Explanation for choosing alpha, power and minimum effect size

1)Alpha=

The alpha level, set at 0.05, determines the threshold for significance in hypothesis testing. In this manufacturing dataset, an alpha level of 0.05 means that there’s a 5% chance of incorrectly concluding that there’s a difference in productivity between groups (such as sewing and finishing departments) when there isn’t one

2)Power=

The power level, set at 0.80, indicates the probability of correctly detecting a true difference in productivity between groups if one exists. In other words, it represents the ability of the study to identify meaningful differences.

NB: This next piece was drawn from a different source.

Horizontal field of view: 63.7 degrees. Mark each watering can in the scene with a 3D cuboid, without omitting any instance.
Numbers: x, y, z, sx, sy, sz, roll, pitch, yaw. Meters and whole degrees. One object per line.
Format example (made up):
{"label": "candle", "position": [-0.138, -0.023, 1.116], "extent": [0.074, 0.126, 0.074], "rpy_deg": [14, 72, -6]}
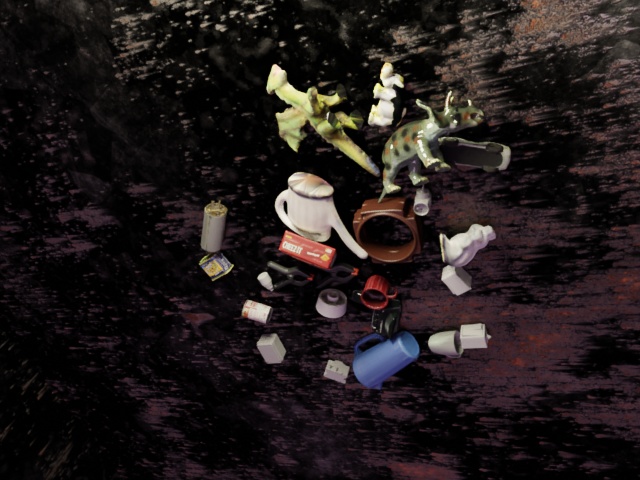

With a power level of 0.80, there’s an 80% chance of correctly identifying productivity differences between groups like weekdays and weekends or sewing and finishing departments. This ensures that the study has a high likelihood of detecting relevant differences, enhancing the reliability of its findings.

3)Minimum effect size=

The minimum effect size, chosen as 0.50, represents the smallest difference in productivity that the study aims to detect. Specifically, an effect size of 0.50 indicates a moderate difference between groups.

Insights

Null hypothesis 1=

The hypothesis test examines whether there is a significant difference in productivity between the sewing and finishing departments. The test results indicate whether there is evidence to reject the null hypothesis, suggesting that there is indeed a difference in productivity between the two departments.

Null hypothesis 2=

This hypothesis test examines whether there is a significant difference in productivity between weekdays and weekends. The results provide insights into whether productivity levels vary significantly based on the day of the week.